We would like to use the MIT license because automatic differentiation has been implemented by many people already, and the math python package we will be using is also a standard python package. Therefore, we are happy to make our code open source and free to use for people who are also interested in automatic differentiation.  

[The link to MIT's licensing website](https://opensource.org/licenses/MIT)


## Feedback

Introduction (1.75/2): Your introduction should motivate the need for automatic differentiation (AD). What methods can we use to calculate derivatives numerically? What are the strengths/weaknesses of each of these methods, and how does AD address these problems?

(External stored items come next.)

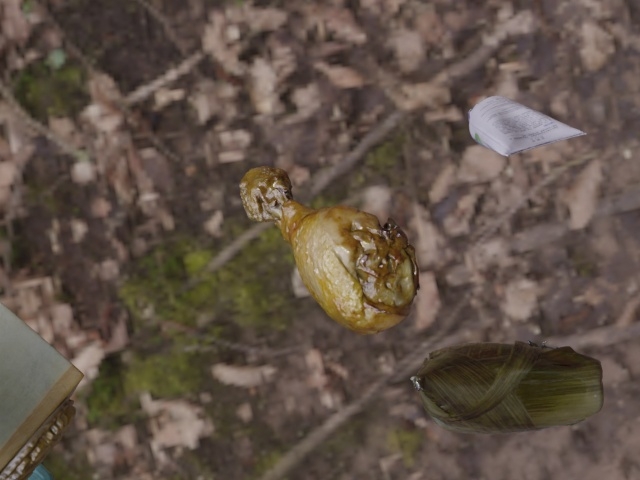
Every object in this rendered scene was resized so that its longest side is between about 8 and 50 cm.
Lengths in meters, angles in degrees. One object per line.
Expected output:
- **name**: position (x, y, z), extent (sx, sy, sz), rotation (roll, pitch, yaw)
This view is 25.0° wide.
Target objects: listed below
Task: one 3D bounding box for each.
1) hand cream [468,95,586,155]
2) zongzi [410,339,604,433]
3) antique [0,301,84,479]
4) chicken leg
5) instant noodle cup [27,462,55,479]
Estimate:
- **hand cream**: position (0.187, -0.106, 1.400), extent (0.142, 0.084, 0.053), rotation (-139, 35, -62)
- **zongzi**: position (0.224, 0.166, 1.706), extent (0.242, 0.221, 0.112), rotation (53, -148, -74)
- **antique**: position (-0.325, 0.166, 1.398), extent (0.148, 0.152, 0.147), rotation (40, 153, -2)
- **chicken leg**: position (-0.003, 0.000, 1.312), extent (0.251, 0.087, 0.107), rotation (39, 129, 48)
- **instant noodle cup**: position (-0.406, 0.371, 1.914), extent (0.070, 0.157, 0.179), rotation (25, 138, 28)

Background (1.5/2): It feels as though the background is just a collection of things that have been stitched together without much thought. How do each of these topics fit together in the context of AD?

Example usage (3/3): Very thorough!

Software organization (2/2)

Implementation (4/4): The math module is fine; you might also consider numpy for better performance.

Licensing (2/2)

One last comment: going forward, you should always work on a feature branch.